#### WHAT IS EXPECTED
What is needed is an exact copy of the records, with the images left out.

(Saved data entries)
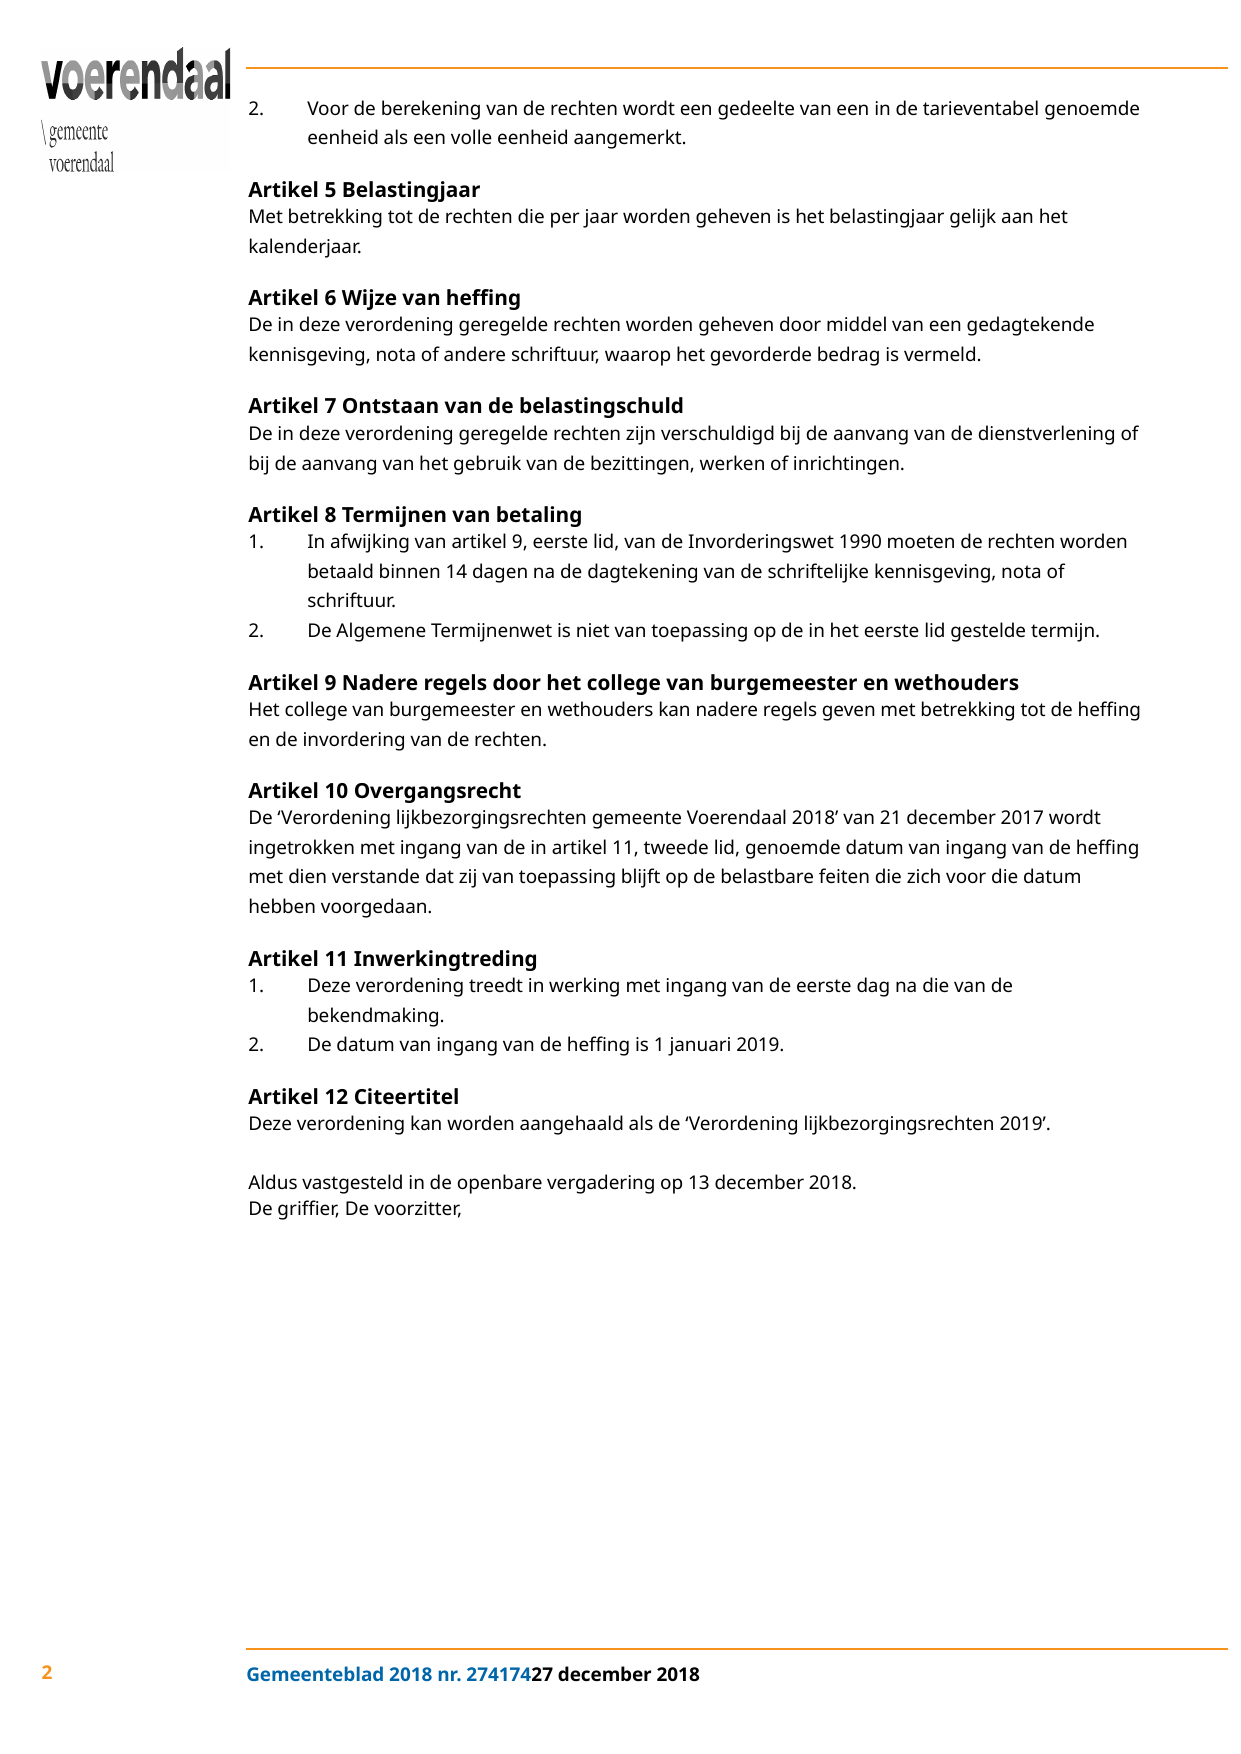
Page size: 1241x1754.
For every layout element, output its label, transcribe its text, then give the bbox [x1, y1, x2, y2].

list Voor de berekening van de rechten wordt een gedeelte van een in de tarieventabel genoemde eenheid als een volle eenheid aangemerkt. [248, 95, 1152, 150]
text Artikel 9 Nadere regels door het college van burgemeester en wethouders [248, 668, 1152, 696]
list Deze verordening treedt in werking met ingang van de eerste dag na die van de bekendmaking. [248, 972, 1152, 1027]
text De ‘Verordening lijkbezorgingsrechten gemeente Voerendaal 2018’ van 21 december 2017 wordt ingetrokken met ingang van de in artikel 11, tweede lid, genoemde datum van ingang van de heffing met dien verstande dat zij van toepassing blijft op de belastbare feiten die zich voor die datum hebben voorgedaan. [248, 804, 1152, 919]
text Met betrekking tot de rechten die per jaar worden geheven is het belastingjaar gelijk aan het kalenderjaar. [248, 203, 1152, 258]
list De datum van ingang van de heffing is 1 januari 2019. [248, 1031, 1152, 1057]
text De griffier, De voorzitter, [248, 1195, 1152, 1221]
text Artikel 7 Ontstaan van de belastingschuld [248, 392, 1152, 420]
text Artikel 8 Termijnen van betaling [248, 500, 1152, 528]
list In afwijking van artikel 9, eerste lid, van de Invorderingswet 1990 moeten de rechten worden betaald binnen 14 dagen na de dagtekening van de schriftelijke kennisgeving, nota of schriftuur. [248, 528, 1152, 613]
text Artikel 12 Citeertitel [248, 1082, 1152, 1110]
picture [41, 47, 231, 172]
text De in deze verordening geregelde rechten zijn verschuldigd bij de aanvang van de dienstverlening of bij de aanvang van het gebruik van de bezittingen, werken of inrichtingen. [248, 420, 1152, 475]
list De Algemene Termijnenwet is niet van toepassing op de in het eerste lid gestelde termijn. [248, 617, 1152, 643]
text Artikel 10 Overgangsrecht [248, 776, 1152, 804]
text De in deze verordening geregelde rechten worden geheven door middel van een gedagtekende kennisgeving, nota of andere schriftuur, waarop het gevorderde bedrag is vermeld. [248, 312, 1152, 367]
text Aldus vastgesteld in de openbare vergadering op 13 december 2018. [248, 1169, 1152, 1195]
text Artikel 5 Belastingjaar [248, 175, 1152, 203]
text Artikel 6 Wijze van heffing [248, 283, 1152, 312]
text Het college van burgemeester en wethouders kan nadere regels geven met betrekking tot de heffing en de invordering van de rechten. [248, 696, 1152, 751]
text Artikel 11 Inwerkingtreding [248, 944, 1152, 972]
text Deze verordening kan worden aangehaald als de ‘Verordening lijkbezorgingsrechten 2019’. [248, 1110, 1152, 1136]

#### REPLY TO THE TASK
Page size: 1241x1754.
For every layout element, output its label, transcribe its text, then give the bbox [x1, y1, x2, y2].

list Voor de berekening van de rechten wordt een gedeelte van een in de tarieventabel genoemde eenheid als een volle eenheid aangemerkt. [248, 95, 1152, 150]
text Artikel 9 Nadere regels door het college van burgemeester en wethouders [248, 668, 1152, 696]
list Deze verordening treedt in werking met ingang van de eerste dag na die van de bekendmaking. [248, 972, 1152, 1027]
text De ‘Verordening lijkbezorgingsrechten gemeente Voerendaal 2018’ van 21 december 2017 wordt ingetrokken met ingang van de in artikel 11, tweede lid, genoemde datum van ingang van de heffing met dien verstande dat zij van toepassing blijft op de belastbare feiten die zich voor die datum hebben voorgedaan. [248, 804, 1152, 919]
text Met betrekking tot de rechten die per jaar worden geheven is het belastingjaar gelijk aan het kalenderjaar. [248, 203, 1152, 258]
list De datum van ingang van de heffing is 1 januari 2019. [248, 1031, 1152, 1057]
text De griffier, De voorzitter, [248, 1195, 1152, 1221]
text Artikel 7 Ontstaan van de belastingschuld [248, 392, 1152, 420]
text Artikel 8 Termijnen van betaling [248, 500, 1152, 528]
list In afwijking van artikel 9, eerste lid, van de Invorderingswet 1990 moeten de rechten worden betaald binnen 14 dagen na de dagtekening van de schriftelijke kennisgeving, nota of schriftuur. [248, 528, 1152, 613]
text Artikel 12 Citeertitel [248, 1082, 1152, 1110]
picture [41, 47, 231, 172]
text De in deze verordening geregelde rechten zijn verschuldigd bij de aanvang van de dienstverlening of bij de aanvang van het gebruik van de bezittingen, werken of inrichtingen. [248, 420, 1152, 475]
list De Algemene Termijnenwet is niet van toepassing op de in het eerste lid gestelde termijn. [248, 617, 1152, 643]
text Artikel 10 Overgangsrecht [248, 776, 1152, 804]
text De in deze verordening geregelde rechten worden geheven door middel van een gedagtekende kennisgeving, nota of andere schriftuur, waarop het gevorderde bedrag is vermeld. [248, 312, 1152, 367]
text Aldus vastgesteld in de openbare vergadering op 13 december 2018. [248, 1169, 1152, 1195]
text Artikel 5 Belastingjaar [248, 175, 1152, 203]
text Artikel 6 Wijze van heffing [248, 283, 1152, 312]
text Het college van burgemeester en wethouders kan nadere regels geven met betrekking tot de heffing en de invordering van de rechten. [248, 696, 1152, 751]
text Artikel 11 Inwerkingtreding [248, 944, 1152, 972]
text Deze verordening kan worden aangehaald als de ‘Verordening lijkbezorgingsrechten 2019’. [248, 1110, 1152, 1136]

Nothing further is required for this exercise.